REQUIRED ACTION: Scan the entries below for the word "detailed", then copy each line that holds it.

** DATA SHOWN follows **

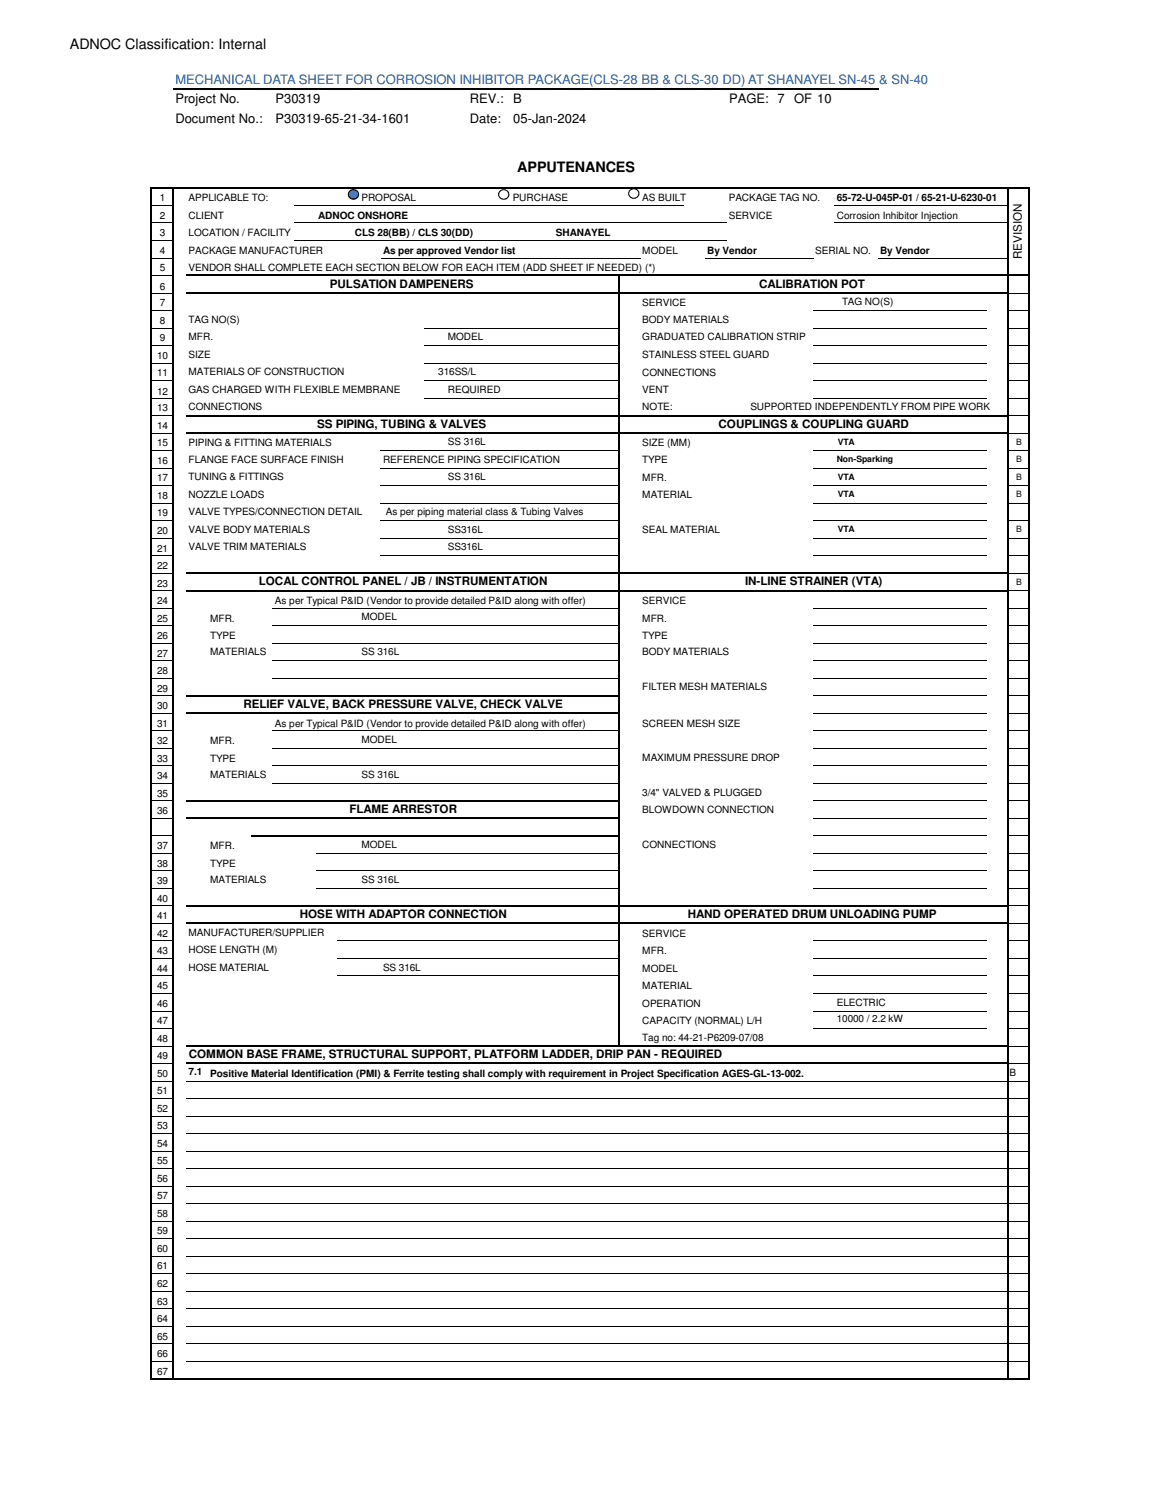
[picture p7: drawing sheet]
<svg xmlns="http://www.w3.org/2000/svg" width="216mm" height="279mm" viewBox="0 0 216 279" stroke-linecap="round" stroke-linejoin="round" font-family="sans-serif">
<defs><g id="words">
<g font-size="2.7">
<text x="13" y="9.1">ADNOC Classification: Internal</text>
<text x="96.3" y="32.1">APPUTENANCES</text>
</g>
<text font-size="2.4" fill="#1859a9" x="32.6" y="15.6">MECHANICAL DATA SHEET FOR CORROSION INHIBITOR PACKAGE(CLS-28 BB &amp; CLS-30 DD) AT SHANAYEL SN-45 &amp; SN-40</text>
<g font-size="2.4">
<text x="32.6" y="19.3">Project No.</text>
<text x="32.6" y="22.9">Document No.:</text>
<text x="51.3" y="19.3">P30319</text>
<text x="51.3" y="22.9">P30319-65-21-34-1601</text>
<text x="87.5" y="22.9">Date:</text>
<text x="87.5" y="19.3">REV.:</text>
<text x="95.5" y="22.9">05-Jan-2024</text>
<text x="95.5" y="19.3">B</text>
<text x="135.7" y="19.3">PAGE: 7</text>
<text x="147.8" y="19.3">OF 10</text>
</g>
<g font-size="2.2">
<text x="61.4" y="53.6">PULSATION DAMPENERS</text>
<text x="141.3" y="53.6">CALIBRATION POT</text>
<text x="190.2" y="48.2" transform="rotate(-90 190.2 48.2)">REVISION</text>
<text x="59" y="79.6">SS PIPING, TUBING &amp; VALVES</text>
<text x="133.7" y="79.6">COUPLINGS &amp; COUPLING GUARD</text>
<text x="48.2" y="109">LOCAL CONTROL PANEL / JB / INSTRUMENTATION</text>
<text x="138.7" y="109">IN-LINE STRAINER (VTA)</text>
<text x="45.3" y="131.8">RELIEF VALVE, BACK PRESSURE VALVE, CHECK VALVE</text>
<text x="65" y="151.3">FLAME ARRESTOR</text>
<text x="55.8" y="170.9">HOSE WITH ADAPTOR CONNECTION</text>
<text x="128" y="170.9">HAND OPERATED DRUM UNLOADING PUMP</text>
<text x="35.1" y="197">COMMON BASE FRAME, STRUCTURAL SUPPORT, PLATFORM LADDER, DRIP PAN - REQUIRED</text>
</g>
<g font-size="1.9">
<text x="29.8" y="37.5">1</text>
<text x="29.8" y="40.7">2</text>
<text x="35.1" y="37.5">APPLICABLE TO:</text>
<text x="35.1" y="40.7">CLIENT</text>
<text x="59.2" y="40.7">ADNOC ONSHORE</text>
<text x="67.3" y="37.5">PROPOSAL</text>
<text x="95.4" y="37.5">PURCHASE</text>
<text x="119.5" y="37.5">AS BUILT</text>
<text x="135.6" y="37.5">PACKAGE TAG NO.</text>
<text x="135.6" y="40.7">SERVICE</text>
<text x="155.7" y="37.5">65-72-U-045P-01 / 65-21-U-6230-01</text>
<text x="155.7" y="40.7">Corrosion Inhibitor Injection</text>
<text x="29.8" y="44">3</text>
<text x="29.8" y="47.2">4</text>
<text x="35.1" y="44">LOCATION / FACILITY</text>
<text x="35.1" y="47.2">PACKAGE MANUFACTURER</text>
<text x="66" y="44">CLS 28(BB) / CLS 30(DD)</text>
<text x="71.3" y="47.2">As per approved Vendor list</text>
<text x="103.5" y="44">SHANAYEL</text>
<text x="119.5" y="47.2">MODEL</text>
<text x="131.6" y="47.2">By Vendor</text>
<text x="151.7" y="47.2">SERIAL NO.</text>
<text x="163.8" y="47.2">By Vendor</text>
<text x="29.8" y="50.5">5</text>
<text x="29.8" y="54">6</text>
<text x="35.1" y="50.5">VENDOR SHALL COMPLETE EACH SECTION BELOW FOR EACH ITEM (ADD SHEET IF NEEDED) (*)</text>
<text x="29.8" y="57">7</text>
<text x="119.5" y="57">SERVICE</text>
<text x="156.7" y="56.8">TAG NO(S)</text>
<text x="29.8" y="60.3">8</text>
<text x="29.8" y="63.5">9</text>
<text x="35.1" y="60.1">TAG NO(S)</text>
<text x="35.1" y="63.3">MFR.</text>
<text x="83.4" y="63.3">MODEL</text>
<text x="119.5" y="60.1">BODY MATERIALS</text>
<text x="119.5" y="63.3">GRADUATED CALIBRATION STRIP</text>
<text x="29.3" y="66.8">10</text>
<text x="29.3" y="70.1">11</text>
<text x="35.1" y="66.6">SIZE</text>
<text x="35.1" y="69.9">MATERIALS OF CONSTRUCTION</text>
<text x="81.6" y="69.9">316SS/L</text>
<text x="119.5" y="66.6">STAINLESS STEEL GUARD</text>
<text x="119.5" y="70.1">CONNECTIONS</text>
<text x="29.3" y="73.5">12</text>
<text x="29.3" y="76.6">13</text>
<text x="35.1" y="73.1">GAS CHARGED WITH FLEXIBLE MEMBRANE</text>
<text x="35.1" y="76.4">CONNECTIONS</text>
<text x="83.4" y="73.1">REQUIRED</text>
<text x="119.5" y="76.4">NOTE:</text>
<text x="119.5" y="73.1">VENT</text>
<text x="139.7" y="76.4">SUPPORTED INDEPENDENTLY FROM PIPE WORK</text>
<text x="29.3" y="79.8">14</text>
<text x="29.3" y="83.1">15</text>
<text x="35.1" y="83.1">PIPING &amp; FITTING MATERIALS</text>
<text x="83.4" y="82.9">SS 316L</text>
<text x="119.5" y="83.1">SIZE (MM)</text>
<text x="29.3" y="86.4">16</text>
<text x="29.3" y="89.6">17</text>
<text x="35.1" y="86.1">FLANGE FACE SURFACE FINISH</text>
<text x="35.1" y="89.4">TUNING &amp; FITTINGS</text>
<text x="71.3" y="86.1">REFERENCE PIPING SPECIFICATION</text>
<text x="83.4" y="89.4">SS 316L</text>
<text x="119.5" y="86.1">TYPE</text>
<text x="119.5" y="89.6">MFR.</text>
<text x="29.3" y="92.9">18</text>
<text x="35.1" y="92.7">NOZZLE LOADS</text>
<text x="35.1" y="95.9">VALVE TYPES/CONNECTION DETAIL</text>
<text x="71.8" y="95.9">As per piping material class &amp; Tubing Valves</text>
<text x="119.5" y="92.7">MATERIAL</text>
<text x="29.3" y="96.1">19</text>
<text x="29.3" y="99.4">20</text>
<text x="35.1" y="99.2">VALVE BODY MATERIALS</text>
<text x="83.4" y="99.2">SS316L</text>
<text x="119.5" y="99.2">SEAL MATERIAL</text>
<text x="29.3" y="102.7">21</text>
<text x="29.3" y="105.9">22</text>
<text x="35.1" y="102.4">VALVE TRIM MATERIALS</text>
<text x="83.4" y="102.4">SS316L</text>
<text x="29.3" y="109.2">23</text>
<text x="29.3" y="112.4">24</text>
<text x="51.2" y="112.4">As per Typical P&amp;ID (Vendor to provide detailed P&amp;ID along with offer)</text>
<text x="119.5" y="112.4">SERVICE</text>
<text x="29.3" y="115.7">25</text>
<text x="29.3" y="119">26</text>
<text x="39.1" y="115.7">MFR.</text>
<text x="39.1" y="119">TYPE</text>
<text x="67.3" y="115.5">MODEL</text>
<text x="119.5" y="115.7">MFR.</text>
<text x="119.5" y="119">TYPE</text>
<text x="29.3" y="122.2">27</text>
<text x="29.3" y="125.5">28</text>
<text x="39.1" y="122">MATERIALS</text>
<text x="67.3" y="122">SS 316L</text>
<text x="119.5" y="122">BODY MATERIALS</text>
<text x="29.3" y="128.7">29</text>
<text x="29.3" y="132">30</text>
<text x="119.5" y="128.5">FILTER MESH MATERIALS</text>
<text x="29.3" y="135.3">31</text>
<text x="51.2" y="135.3">As per Typical P&amp;ID (Vendor to provide detailed P&amp;ID along with offer)</text>
<text x="119.5" y="135.3">SCREEN MESH SIZE</text>
<text x="29.3" y="138.5">32</text>
<text x="29.3" y="141.8">33</text>
<text x="39.1" y="138.5">MFR.</text>
<text x="39.1" y="141.8">TYPE</text>
<text x="67.3" y="138.3">MODEL</text>
<text x="119.5" y="141.6">MAXIMUM PRESSURE DROP</text>
<text x="29.3" y="145">34</text>
<text x="29.3" y="148.3">35</text>
<text x="39.1" y="144.8">MATERIALS</text>
<text x="67.3" y="144.8">SS 316L</text>
<text x="119.5" y="148.1">3/4&quot; VALVED &amp; PLUGGED</text>
<text x="29.3" y="151.6">36</text>
<text x="119.5" y="151.3">BLOWDOWN CONNECTION</text>
<text x="29.3" y="158.1">37</text>
<text x="29.3" y="161.3">38</text>
<text x="39.1" y="158.1">MFR.</text>
<text x="39.1" y="161.3">TYPE</text>
<text x="67.3" y="157.9">MODEL</text>
<text x="119.5" y="157.9">CONNECTIONS</text>
<text x="29.3" y="164.6">39</text>
<text x="29.3" y="167.9">40</text>
<text x="39.1" y="164.4">MATERIALS</text>
<text x="67.3" y="164.4">SS 316L</text>
<text x="29.3" y="171.1">41</text>
<text x="29.3" y="174.4">42</text>
<text x="29.3" y="177.6">43</text>
<text x="35.1" y="174.2">MANUFACTURER/SUPPLIER</text>
<text x="35.1" y="177.4">HOSE LENGTH (M)</text>
<text x="119.5" y="174.4">SERVICE</text>
<text x="119.5" y="177.6">MFR.</text>
<text x="29.3" y="180.9">44</text>
<text x="29.3" y="184.2">45</text>
<text x="35.1" y="180.7">HOSE MATERIAL</text>
<text x="71.3" y="180.7">SS 316L</text>
<text x="119.5" y="180.9">MODEL</text>
<text x="119.5" y="184.2">MATERIAL</text>
<text x="29.3" y="187.4">46</text>
<text x="29.3" y="190.7">47</text>
<text x="119.5" y="187.4">OPERATION</text>
<text x="119.5" y="190.7">CAPACITY (NORMAL) L/H</text>
<text x="155.7" y="190.3">10000 / 2.2 kW</text>
<text x="155.7" y="187.2">ELECTRIC</text>
<text x="29.3" y="193.9">48</text>
<text x="29.3" y="197.2">49</text>
<text x="119.5" y="193.7">Tag no: 44-21-P6209-07/08</text>
<text x="29.3" y="203.7">51</text>
<text x="29.3" y="200.4">50</text>
<text x="35.1" y="200.2">7.1</text>
<text x="39.1" y="200.4">Positive Material Identification (PMI) &amp; Ferrite testing shall comply with requirement in Project Specification AGES-GL-13-002.</text>
<text x="187.9" y="200.2">B</text>
<text x="29.3" y="207">52</text>
<text x="29.3" y="210.2">53</text>
<text x="29.3" y="213.5">54</text>
<text x="29.3" y="216.7">55</text>
<text x="29.3" y="220">56</text>
<text x="29.3" y="223.3">57</text>
<text x="29.3" y="226.5">58</text>
<text x="29.3" y="229.8">59</text>
<text x="29.3" y="233">60</text>
<text x="29.3" y="236.3">61</text>
<text x="29.3" y="239.6">62</text>
<text x="29.3" y="242.8">63</text>
<text x="29.3" y="246.1">64</text>
<text x="29.3" y="249.3">65</text>
<text x="29.3" y="252.6">66</text>
<text x="29.3" y="255.9">67</text>
</g>
<g font-size="1.6">
<text x="155.9" y="82.8">VTA</text>
<text x="189.1" y="82.8">B</text>
<text x="155.7" y="86.1">Non-Sparking</text>
<text x="155.9" y="89.3">VTA</text>
<text x="189.1" y="86">B</text>
<text x="189.1" y="89.3">B</text>
<text x="155.9" y="92.6">VTA</text>
<text x="189.1" y="92.5">B</text>
<text x="155.9" y="99.1">VTA</text>
<text x="189.1" y="99.1">B</text>
<text x="189.1" y="108.8">B</text>
</g>
</g></defs>
<g fill="none" stroke="#000" stroke-width=".19">
<path d="M28.3 38.2h3.7M54.8 38.2h72.5M155.4 38.2h32M28.3 41.5h3.7M28.3 44.8h3.7M28.3 48h3.7M28.3 51.3h3.7M28.3 54.5h3.7M28.3 57.8h3.7M54.8 41.5h80.5M54.8 44.8h80.5M70.9 48h48.3"/>
<path d="M131.2 48h20.2M151.3 57.8h32.3M155.4 41.5h32M163.4 48h24M187.7 54.5h3.7M187.7 57.8h3.7M28.3 61.1h3.7M28.3 64.3h3.7M28.3 67.6h3.7M28.3 70.8h3.7M28.3 74.1h3.7M28.3 77.4h3.7"/>
<path d="M79 61.1h36M79 64.3h36M79 67.6h36M79 70.8h36M79 74.1h36M151.3 61.1h32.3M151.3 64.3h32.3M151.3 67.6h32.3M151.3 70.8h32.3M151.3 74.1h32.3M187.7 61.1h3.7M187.7 64.3h3.7"/>
<path d="M187.7 67.6h3.7M187.7 70.8h3.7M187.7 74.1h3.7M187.7 77.4h3.7M28.3 80.6h3.7M28.3 83.9h3.7M28.3 87.1h3.7M28.3 90.4h3.7M28.3 93.7h3.7M28.3 96.9h3.7M70.9 83.9h44.1M70.9 87.1h44.1"/>
<path d="M70.9 90.4h44.1M70.9 93.7h44.1M70.9 96.9h44.1M151.3 83.9h32.3M151.3 87.1h32.3M151.3 90.4h32.3M151.3 93.7h32.3M151.3 96.9h32.3M187.7 80.6h3.7M187.7 83.9h3.7M187.7 87.1h3.7M187.7 90.4h3.7"/>
<path d="M187.7 93.7h3.7M187.7 96.9h3.7M28.3 100.2h3.7M28.3 103.4h3.7M28.3 106.7h3.7M28.3 110h3.7M28.3 113.2h3.7M28.3 116.5h3.7M28.3 119.7h3.7M50.8 113.2h64.2M50.8 116.5h64.2M50.8 119.7h64.2"/>
<path d="M70.9 100.2h44.1M70.9 103.4h44.1M151.3 100.2h32.3M151.3 103.4h32.3M151.3 113.2h32.3M151.3 116.5h32.3M151.3 119.7h32.3M187.7 100.2h3.7M187.7 103.4h3.7M187.7 106.7h3.7M187.7 110h3.7M187.7 113.2h3.7"/>
<path d="M187.7 116.5h3.7M187.7 119.7h3.7M28.3 123h3.7M28.3 126.3h3.7M28.3 129.5h3.7M28.3 132.8h3.7M28.3 136h3.7M28.3 139.3h3.7M50.8 123h64.2M50.8 126.3h64.2M50.8 136h64.2M50.8 139.3h64.2"/>
<path d="M151.3 123h32.3M151.3 126.3h32.3M151.3 129.5h32.3M151.3 132.8h32.3M151.3 136h32.3M151.3 139.3h32.3M187.7 123h3.7M187.7 126.3h3.7M187.7 129.5h3.7M187.7 132.8h3.7M187.7 136h3.7M187.7 139.3h3.7"/>
<path d="M28.3 142.6h3.7M28.3 145.8h3.7M28.3 149.1h3.7M28.3 152.3h3.7M28.3 155.6h3.7M28.3 158.9h3.7M50.8 142.6h64.2M50.8 145.8h64.2M58.8 158.9h56.2M151.3 142.6h32.3M151.3 145.8h32.3M151.3 149.1h32.3"/>
<path d="M151.3 152.3h32.3M151.3 155.6h32.3M151.3 158.9h32.3M187.7 142.6h3.7M187.7 145.8h3.7M187.7 149.1h3.7M187.7 152.3h3.7M187.7 155.6h3.7M187.7 158.9h3.7M28.3 162.1h3.7M28.3 165.4h3.7M28.3 168.6h3.7"/>
<path d="M28.3 171.9h3.7M28.3 175.2h3.7M28.3 178.4h3.7M58.8 162.1h56.2M58.8 165.4h56.2M62.9 175.2h52.1M62.9 178.4h52.1M151.3 162.1h32.3M151.3 165.4h32.3M151.3 175.2h32.3M151.3 178.4h32.3M187.7 162.1h3.7"/>
<path d="M187.7 165.4h3.7M187.7 168.6h3.7M187.7 171.9h3.7M187.7 175.2h3.7M187.7 178.4h3.7M28.3 181.7h3.7M28.3 184.9h3.7M28.3 188.2h3.7M28.3 191.5h3.7M28.3 194.7h3.7M28.3 198h3.7M62.9 181.7h52.1"/>
<path d="M151.3 181.7h32.3M151.3 184.9h32.3M151.3 188.2h32.3M151.3 191.5h32.3M187.7 181.7h3.7M187.7 184.9h3.7M187.7 188.2h3.7M187.7 191.5h3.7M187.7 194.7h3.7M187.7 198h3.7M28.3 201.2h3.7M28.3 204.5h3.7"/>
<path d="M28.3 207.8h3.7M28.3 211h3.7M28.3 214.3h3.7M28.3 217.5h3.7M34.7 201.2h152.7M34.7 204.5h152.7M34.7 207.8h152.7M34.7 211h152.7M34.7 214.3h152.7M34.7 217.5h152.7M187.7 201.2h3.7M187.7 204.5h3.7"/>
<path d="M187.7 207.8h3.7M187.7 211h3.7M187.7 214.3h3.7M187.7 217.5h3.7M28.3 220.8h3.7M28.3 224h3.7M28.3 227.3h3.7M28.3 230.6h3.7M28.3 233.8h3.7M28.3 237.1h3.7M34.7 220.8h152.7M34.7 224h152.7"/>
<path d="M34.7 227.3h152.7M34.7 230.6h152.7M34.7 233.8h152.7M34.7 237.1h152.7M187.7 220.8h3.7M187.7 224h3.7M187.7 227.3h3.7M187.7 230.6h3.7M187.7 233.8h3.7M187.7 237.1h3.7M28.3 240.3h3.7M28.3 243.6h3.7"/>
<path d="M28.3 246.9h3.7M28.3 250.1h3.7M28.3 253.4h3.7M34.7 240.3h152.7M34.7 243.6h152.7M34.7 246.9h152.7M34.7 250.1h152.7M34.7 253.4h152.7M187.7 240.3h3.7M187.7 243.6h3.7M187.7 246.9h3.7M187.7 250.1h3.7"/>
<path d="M187.7 253.4h3.7"/>
</g>
<g fill="none" stroke="#000" stroke-width=".25">
<path d="M32.2 16.6h131.2M28.2 34.8v222M28.3 35h163.4M32.2 35.1v221.7M187.5 35.1v221.7M191.6 35.1v221.7M34.7 54.5h153M34.7 51.3h157M115.1 51.4v143.4M34.7 77.3h153M34.7 80.6h153M34.7 106.7h153"/>
<path d="M34.7 109.9h153M34.7 129.5h80.6M34.7 132.8h80.6M34.7 149.1h80.6M34.7 152.3h80.6M46.8 155.6h68.5M34.7 168.6h153M34.7 171.9h153M34.7 194.7h153M34.7 198h153M28.3 256.6h163.4"/>
</g>
<circle cx="65.7" cy="36.2" r=".93" fill="#00f"/>
<g fill="#000">
<path d="M64.7 36.2a1.05 1.05 0 0 1 2.1 0 1.05 1.05 0 0 1-2.1 0zM64.9 36.2a.85 .85 0 0 0 1.7 0 .85 .85 0 0 0-1.7 0z"/>
<path d="M92.7 36.2a1.05 1.05 0 0 1 2.1 0 1.05 1.05 0 0 1-2.1 0zM93.1 35.6l-.2 .4v.4l.4 .5 .5 .1 .4-.1 .3-.3 .1-.5-.2-.5-.6-.2z"/>
<path d="M116.9 36a1.01 1.01 0 0 1 2 0 1.01 1.01 0 0 1-2 0zM117.1 36a.85 .85 0 0 0 1.7 0 .85 .85 0 0 0-1.7 0z"/>
</g>
<use href="#words"/>
</svg>

** End of DATA SHOWN **

RESPONSE TO THE EXERCISE:
<text x="51.2" y="112.4">As per Typical P&amp;ID (Vendor to provide detailed P&amp;ID along with offer)</text>
<text x="51.2" y="135.3">As per Typical P&amp;ID (Vendor to provide detailed P&amp;ID along with offer)</text>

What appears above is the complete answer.